One can imagine how these tools could make people obsessed with pursuing the 'perfect digestive system'

An academic expert who studies wellness data infrastructure says that the notion of a stool imaging device is "less intrusive" than a fitness tracker or digital timepiece, which gathers additional information. "The company is not a healthcare institution, so they are not covered by privacy laws," she comments. "This concern that comes up a lot with apps that are wellness-focused."

"The apprehension for me comes from what data [the device] collects," the specialist adds. "Which entity controls all this information, and what could they conceivably achieve with it?"

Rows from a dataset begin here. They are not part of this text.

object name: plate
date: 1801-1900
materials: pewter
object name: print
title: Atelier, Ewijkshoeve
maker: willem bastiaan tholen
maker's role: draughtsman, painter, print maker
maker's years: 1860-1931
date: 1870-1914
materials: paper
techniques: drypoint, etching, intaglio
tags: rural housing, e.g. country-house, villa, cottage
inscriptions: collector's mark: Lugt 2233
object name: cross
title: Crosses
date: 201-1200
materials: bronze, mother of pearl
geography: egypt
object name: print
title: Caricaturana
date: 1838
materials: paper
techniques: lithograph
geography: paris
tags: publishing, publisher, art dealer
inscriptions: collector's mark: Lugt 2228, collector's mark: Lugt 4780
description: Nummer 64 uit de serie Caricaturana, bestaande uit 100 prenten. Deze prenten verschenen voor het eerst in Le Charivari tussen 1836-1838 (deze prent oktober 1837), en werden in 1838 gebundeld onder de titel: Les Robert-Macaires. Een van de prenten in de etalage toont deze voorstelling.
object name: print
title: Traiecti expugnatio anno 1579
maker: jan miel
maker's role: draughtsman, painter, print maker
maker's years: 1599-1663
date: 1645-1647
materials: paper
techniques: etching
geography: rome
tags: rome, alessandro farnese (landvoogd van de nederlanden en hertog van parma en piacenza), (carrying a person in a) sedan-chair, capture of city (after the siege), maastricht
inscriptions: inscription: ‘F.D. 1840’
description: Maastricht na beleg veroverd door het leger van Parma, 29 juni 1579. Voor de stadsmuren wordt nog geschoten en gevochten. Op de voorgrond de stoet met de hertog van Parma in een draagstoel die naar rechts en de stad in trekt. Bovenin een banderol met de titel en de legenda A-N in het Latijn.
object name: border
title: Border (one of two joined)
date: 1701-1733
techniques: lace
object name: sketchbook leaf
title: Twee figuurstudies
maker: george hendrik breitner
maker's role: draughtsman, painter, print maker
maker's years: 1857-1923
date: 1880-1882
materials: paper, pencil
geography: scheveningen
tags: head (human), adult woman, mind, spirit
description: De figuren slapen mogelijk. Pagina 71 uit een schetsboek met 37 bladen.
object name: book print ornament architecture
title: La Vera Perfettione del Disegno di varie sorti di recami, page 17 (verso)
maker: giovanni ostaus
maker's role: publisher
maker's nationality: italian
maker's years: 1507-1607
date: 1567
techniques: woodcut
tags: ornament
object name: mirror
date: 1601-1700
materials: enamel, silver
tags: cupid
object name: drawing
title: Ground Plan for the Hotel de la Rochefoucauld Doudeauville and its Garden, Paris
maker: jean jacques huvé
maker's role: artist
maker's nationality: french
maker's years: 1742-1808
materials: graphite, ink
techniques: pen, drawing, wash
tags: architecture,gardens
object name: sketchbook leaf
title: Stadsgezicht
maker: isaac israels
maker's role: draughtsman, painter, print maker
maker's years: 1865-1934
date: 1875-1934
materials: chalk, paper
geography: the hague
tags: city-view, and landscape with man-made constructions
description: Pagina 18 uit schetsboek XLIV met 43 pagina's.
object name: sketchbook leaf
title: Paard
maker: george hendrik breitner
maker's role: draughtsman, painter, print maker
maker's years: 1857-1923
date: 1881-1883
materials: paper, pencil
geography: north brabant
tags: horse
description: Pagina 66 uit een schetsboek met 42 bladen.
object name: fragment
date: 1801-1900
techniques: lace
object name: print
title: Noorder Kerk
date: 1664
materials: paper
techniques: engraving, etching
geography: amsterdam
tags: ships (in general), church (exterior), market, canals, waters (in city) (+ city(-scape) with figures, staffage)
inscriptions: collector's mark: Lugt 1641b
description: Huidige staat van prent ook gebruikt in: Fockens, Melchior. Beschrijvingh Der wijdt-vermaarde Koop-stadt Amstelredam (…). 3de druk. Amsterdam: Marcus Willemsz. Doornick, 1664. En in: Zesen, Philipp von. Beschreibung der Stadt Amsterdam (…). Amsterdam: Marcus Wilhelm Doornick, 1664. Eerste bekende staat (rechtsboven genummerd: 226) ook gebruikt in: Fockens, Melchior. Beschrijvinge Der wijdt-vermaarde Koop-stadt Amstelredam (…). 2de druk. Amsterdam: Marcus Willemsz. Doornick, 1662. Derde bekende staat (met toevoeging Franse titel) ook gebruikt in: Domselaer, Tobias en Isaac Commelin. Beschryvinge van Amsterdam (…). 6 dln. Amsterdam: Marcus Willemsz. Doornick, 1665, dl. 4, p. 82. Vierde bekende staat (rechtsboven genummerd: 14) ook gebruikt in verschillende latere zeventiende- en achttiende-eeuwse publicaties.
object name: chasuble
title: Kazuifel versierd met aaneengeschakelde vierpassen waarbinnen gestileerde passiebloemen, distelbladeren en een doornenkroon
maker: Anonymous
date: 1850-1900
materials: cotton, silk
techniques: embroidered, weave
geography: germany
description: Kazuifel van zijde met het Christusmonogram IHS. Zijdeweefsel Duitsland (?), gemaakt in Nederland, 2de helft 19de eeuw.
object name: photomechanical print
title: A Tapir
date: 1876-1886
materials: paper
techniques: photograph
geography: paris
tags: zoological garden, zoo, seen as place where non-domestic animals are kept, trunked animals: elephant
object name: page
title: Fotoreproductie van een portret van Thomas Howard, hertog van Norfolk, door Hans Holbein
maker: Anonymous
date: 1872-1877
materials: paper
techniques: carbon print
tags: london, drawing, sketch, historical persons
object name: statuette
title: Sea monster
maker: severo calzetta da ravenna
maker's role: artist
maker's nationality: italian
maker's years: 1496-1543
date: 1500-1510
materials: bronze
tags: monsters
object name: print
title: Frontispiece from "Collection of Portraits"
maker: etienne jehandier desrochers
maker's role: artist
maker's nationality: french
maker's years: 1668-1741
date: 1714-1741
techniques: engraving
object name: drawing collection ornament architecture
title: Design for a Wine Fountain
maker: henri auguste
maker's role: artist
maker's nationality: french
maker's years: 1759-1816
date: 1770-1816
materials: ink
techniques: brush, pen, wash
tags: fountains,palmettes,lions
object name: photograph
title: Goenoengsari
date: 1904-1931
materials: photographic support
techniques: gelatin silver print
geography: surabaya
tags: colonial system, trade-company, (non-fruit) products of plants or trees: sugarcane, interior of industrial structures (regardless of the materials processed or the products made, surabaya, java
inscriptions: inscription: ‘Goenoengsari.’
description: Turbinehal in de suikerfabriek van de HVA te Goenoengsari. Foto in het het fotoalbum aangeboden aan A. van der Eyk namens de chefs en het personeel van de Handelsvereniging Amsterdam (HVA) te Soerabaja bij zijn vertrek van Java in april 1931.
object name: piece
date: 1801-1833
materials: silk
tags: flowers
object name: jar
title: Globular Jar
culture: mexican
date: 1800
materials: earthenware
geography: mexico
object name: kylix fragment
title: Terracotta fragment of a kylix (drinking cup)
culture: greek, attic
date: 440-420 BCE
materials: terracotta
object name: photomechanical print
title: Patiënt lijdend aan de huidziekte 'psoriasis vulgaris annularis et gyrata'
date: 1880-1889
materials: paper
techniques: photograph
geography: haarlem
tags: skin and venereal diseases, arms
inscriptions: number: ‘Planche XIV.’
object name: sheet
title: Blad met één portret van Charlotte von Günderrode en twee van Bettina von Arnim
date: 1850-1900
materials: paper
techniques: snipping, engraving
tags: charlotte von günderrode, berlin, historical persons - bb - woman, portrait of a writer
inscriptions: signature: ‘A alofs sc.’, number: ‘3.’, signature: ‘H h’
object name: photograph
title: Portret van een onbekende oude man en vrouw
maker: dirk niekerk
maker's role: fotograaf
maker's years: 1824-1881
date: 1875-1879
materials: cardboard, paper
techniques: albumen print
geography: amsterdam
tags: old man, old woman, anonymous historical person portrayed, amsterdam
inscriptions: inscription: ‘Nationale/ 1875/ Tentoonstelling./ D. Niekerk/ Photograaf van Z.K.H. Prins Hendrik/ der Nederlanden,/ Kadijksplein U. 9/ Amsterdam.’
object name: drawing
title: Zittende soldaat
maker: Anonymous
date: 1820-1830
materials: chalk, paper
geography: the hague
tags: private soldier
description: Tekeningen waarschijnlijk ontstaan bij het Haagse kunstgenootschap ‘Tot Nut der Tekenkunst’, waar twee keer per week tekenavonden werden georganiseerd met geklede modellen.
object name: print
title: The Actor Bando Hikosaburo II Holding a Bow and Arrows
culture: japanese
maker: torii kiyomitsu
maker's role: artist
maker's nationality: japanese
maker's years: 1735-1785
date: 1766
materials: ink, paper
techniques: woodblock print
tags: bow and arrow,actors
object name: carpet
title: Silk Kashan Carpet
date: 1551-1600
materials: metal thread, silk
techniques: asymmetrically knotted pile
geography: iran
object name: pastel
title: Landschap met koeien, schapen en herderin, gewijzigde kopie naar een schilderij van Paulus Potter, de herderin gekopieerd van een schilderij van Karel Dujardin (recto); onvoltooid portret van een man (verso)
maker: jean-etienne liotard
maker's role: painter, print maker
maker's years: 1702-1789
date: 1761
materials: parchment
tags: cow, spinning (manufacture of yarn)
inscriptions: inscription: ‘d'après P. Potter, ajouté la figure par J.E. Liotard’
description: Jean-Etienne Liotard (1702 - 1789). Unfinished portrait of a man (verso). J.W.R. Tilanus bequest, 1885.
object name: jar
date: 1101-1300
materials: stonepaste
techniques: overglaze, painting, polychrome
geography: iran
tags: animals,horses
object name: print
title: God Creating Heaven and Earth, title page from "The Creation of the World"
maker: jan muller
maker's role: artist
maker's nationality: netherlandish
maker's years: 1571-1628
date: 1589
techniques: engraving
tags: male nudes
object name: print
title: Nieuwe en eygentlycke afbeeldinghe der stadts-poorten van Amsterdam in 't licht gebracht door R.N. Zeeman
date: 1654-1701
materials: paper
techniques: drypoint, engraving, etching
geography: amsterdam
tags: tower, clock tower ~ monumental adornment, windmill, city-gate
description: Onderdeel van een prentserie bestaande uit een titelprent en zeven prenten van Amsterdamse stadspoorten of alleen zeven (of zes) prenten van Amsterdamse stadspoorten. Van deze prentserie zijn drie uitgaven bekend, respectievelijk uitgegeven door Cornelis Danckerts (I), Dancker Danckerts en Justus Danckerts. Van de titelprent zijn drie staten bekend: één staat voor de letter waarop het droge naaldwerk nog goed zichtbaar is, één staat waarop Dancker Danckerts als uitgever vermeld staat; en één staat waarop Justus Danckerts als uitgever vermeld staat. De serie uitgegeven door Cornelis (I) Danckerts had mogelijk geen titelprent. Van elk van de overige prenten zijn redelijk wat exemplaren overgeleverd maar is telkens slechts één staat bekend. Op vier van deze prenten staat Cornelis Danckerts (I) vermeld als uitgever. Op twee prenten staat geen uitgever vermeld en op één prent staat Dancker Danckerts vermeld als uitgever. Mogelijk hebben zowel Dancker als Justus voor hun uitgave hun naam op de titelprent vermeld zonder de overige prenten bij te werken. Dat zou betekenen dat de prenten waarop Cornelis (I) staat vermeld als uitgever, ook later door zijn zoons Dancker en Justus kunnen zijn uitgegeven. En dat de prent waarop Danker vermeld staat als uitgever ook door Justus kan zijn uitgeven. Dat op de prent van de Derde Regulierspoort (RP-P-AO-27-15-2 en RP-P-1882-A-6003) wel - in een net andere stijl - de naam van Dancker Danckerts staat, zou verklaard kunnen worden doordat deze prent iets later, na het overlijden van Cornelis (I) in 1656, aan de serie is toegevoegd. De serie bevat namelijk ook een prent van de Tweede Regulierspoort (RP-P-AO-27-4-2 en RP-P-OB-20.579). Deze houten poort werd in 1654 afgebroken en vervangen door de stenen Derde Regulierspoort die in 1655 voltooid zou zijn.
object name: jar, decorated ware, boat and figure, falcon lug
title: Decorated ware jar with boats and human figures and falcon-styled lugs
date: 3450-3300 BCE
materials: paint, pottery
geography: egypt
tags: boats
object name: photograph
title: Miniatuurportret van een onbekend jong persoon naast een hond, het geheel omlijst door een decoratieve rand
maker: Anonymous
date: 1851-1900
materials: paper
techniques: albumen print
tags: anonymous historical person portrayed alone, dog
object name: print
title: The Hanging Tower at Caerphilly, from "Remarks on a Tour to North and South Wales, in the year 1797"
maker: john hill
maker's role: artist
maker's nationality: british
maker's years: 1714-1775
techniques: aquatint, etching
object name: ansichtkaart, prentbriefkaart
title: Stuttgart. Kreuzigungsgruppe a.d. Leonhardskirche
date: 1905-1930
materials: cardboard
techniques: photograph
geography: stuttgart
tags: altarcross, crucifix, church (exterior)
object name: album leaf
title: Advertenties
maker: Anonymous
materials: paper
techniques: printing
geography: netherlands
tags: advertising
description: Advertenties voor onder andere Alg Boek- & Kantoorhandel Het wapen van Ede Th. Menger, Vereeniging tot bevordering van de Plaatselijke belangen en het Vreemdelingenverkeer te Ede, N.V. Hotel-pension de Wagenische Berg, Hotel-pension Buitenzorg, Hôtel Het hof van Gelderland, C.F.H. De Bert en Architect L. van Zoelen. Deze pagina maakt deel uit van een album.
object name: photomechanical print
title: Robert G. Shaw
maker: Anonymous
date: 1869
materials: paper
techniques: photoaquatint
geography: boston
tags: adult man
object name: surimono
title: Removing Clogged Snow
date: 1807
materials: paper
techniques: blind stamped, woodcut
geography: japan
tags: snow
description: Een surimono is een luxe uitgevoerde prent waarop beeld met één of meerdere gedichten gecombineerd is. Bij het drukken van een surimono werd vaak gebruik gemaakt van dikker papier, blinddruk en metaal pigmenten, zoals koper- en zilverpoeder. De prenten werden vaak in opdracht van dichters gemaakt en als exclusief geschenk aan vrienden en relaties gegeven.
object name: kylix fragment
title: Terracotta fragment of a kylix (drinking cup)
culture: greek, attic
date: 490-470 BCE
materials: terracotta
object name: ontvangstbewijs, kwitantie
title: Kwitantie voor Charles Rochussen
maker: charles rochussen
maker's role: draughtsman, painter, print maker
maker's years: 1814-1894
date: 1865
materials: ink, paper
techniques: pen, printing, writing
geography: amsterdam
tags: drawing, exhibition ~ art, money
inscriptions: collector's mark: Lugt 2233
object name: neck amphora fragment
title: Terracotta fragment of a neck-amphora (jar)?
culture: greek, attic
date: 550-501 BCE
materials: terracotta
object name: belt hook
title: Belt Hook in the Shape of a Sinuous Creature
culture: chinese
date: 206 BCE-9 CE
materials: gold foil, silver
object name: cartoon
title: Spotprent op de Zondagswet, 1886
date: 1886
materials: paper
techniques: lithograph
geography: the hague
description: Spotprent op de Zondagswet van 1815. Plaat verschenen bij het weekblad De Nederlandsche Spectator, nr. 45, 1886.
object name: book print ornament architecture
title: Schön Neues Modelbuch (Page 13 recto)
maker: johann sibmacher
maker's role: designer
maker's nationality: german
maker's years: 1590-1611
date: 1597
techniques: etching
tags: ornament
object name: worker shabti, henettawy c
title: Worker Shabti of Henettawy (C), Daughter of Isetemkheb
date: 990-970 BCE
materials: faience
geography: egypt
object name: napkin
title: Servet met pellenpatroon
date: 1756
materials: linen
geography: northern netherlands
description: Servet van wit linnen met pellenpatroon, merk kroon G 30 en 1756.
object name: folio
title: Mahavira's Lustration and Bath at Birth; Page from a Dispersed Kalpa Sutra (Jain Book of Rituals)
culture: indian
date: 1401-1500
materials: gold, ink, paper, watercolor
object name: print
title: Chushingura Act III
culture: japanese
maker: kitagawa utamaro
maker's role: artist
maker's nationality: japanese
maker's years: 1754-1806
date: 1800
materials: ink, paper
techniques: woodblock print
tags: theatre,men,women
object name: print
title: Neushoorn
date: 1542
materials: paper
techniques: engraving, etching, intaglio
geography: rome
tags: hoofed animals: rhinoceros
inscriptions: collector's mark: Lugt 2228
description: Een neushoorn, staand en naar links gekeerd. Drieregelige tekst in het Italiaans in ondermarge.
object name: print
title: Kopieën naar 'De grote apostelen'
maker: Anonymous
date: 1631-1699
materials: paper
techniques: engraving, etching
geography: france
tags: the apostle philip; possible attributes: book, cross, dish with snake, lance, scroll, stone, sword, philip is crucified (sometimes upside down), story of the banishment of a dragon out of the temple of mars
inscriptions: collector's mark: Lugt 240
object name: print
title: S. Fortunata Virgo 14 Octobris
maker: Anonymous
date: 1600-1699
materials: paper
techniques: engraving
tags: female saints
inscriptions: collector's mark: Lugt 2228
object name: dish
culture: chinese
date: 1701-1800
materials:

"We acknowledge that this is a extremely intimate environment, and we've addressed this carefully in how we designed for privacy," the CEO says. While the unit shares non-personal waste metrics with certain corporate allies, it will not share the data with a physician or family members. Presently, the unit does not connect its information with major health platforms, but the executive says that could evolve "if people want that".

Expert Opinions

A food specialist practicing in the West Coast is somewhat expected that stool imaging devices have been developed. "I believe particularly due to the increase in colorectal disease among young people, there are increased discussions about actually looking at what is inside the toilet bowl," she says, noting the substantial growth of the illness in people under 50, which numerous specialists link to highly modified nutrition. "It's another way [for companies] to profit from that."

She expresses concern that excessive focus placed on a waste's visual properties could be detrimental. "There's this idea in digestive wellness that you're pursuing this perfect, uniform, tubular waste constantly, when that's really just not realistic," she says. "It's understandable that these tools could cause individuals to fixate on pursuing the 'optimal intestinal health'."

A different food specialist comments that the gut flora in excrement alters within 48 hours of a dietary change, which could reduce the significance of immediate stool information. "What practical value does it have to be aware of the bacteria in your waste when it could entirely shift within 48 hours?" she asked.

Brandon Cook
Brandon Cook

A tech enthusiast and blockchain expert with a passion for decentralized systems and open-source innovation.